Coming from the beautiful world of c, I am trying understand this behavior:
In [1]: dataset = sqlContext.read.parquet('indir')
In [2]: sizes = dataset.mapPartitions(lambda x: [len(list(x))]).collect()
In [3]: for item in sizes:
...: if(item == min(sizes)):
...: count = count + 1
...:
would not even finish after 20 minutes, and I know that the list sizes
is not that big, less than 205k in length. However this executed instantly:
In [8]: min_item = min(sizes)
In [9]: for item in sizes:
if(item == min_item):
count = count + 1
...:
So what happened?
My guess: python could not understand that min(sizes)
will be always constant, thus replace after the first few calls with its return value..since Python uses the interpreter..

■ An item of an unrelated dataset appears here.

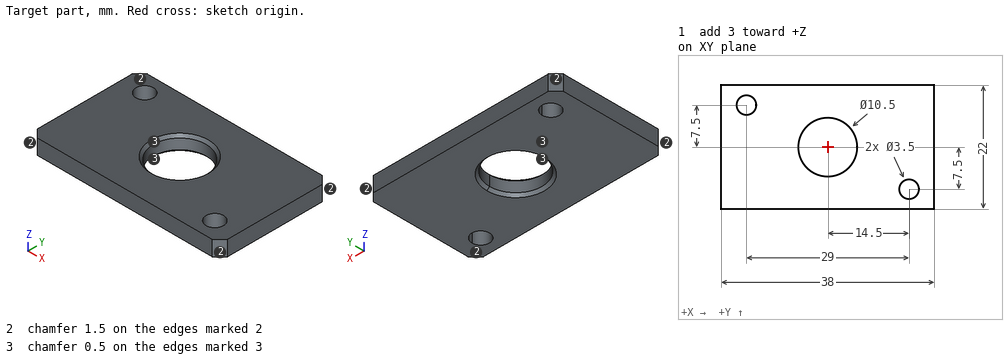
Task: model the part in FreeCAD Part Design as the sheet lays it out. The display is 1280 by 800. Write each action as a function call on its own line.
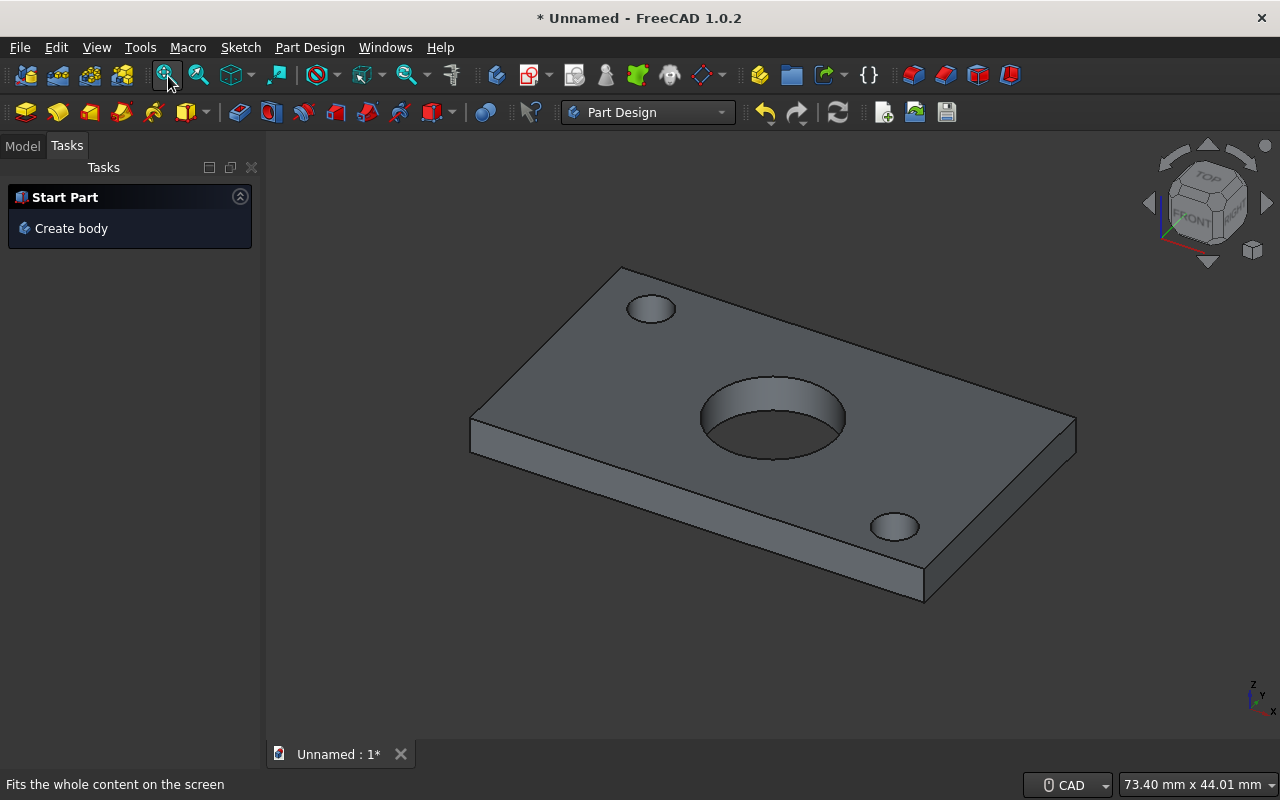
click(924, 585)

Ref of min() doesn't say anything that would explain the matter to me, but what I was thinking is that it may be that it needs to look at the partitions to do that, but that shouldn't be the case, since sizes
is a list
, not an RDD
!
Edit:
Here is the source of my confusion, I wrote a similar program in C:
for(i = 0; i < SIZE; ++i)
if(i == mymin(array, SIZE))
++count;
and got these timings:
C02QT2UBFVH6-lm:~ gsamaras$ gcc -Wall main.c
C02QT2UBFVH6-lm:~ gsamaras$ ./a.out
That took 98.679177000 seconds wall clock time.
C02QT2UBFVH6-lm:~ gsamaras$ gcc -O3 -Wall main.c
C02QT2UBFVH6-lm:~ gsamaras$ ./a.out
That took 0.000000000 seconds wall clock time.
and for timings, I used Nomimal Animal's approach from my Time measurements.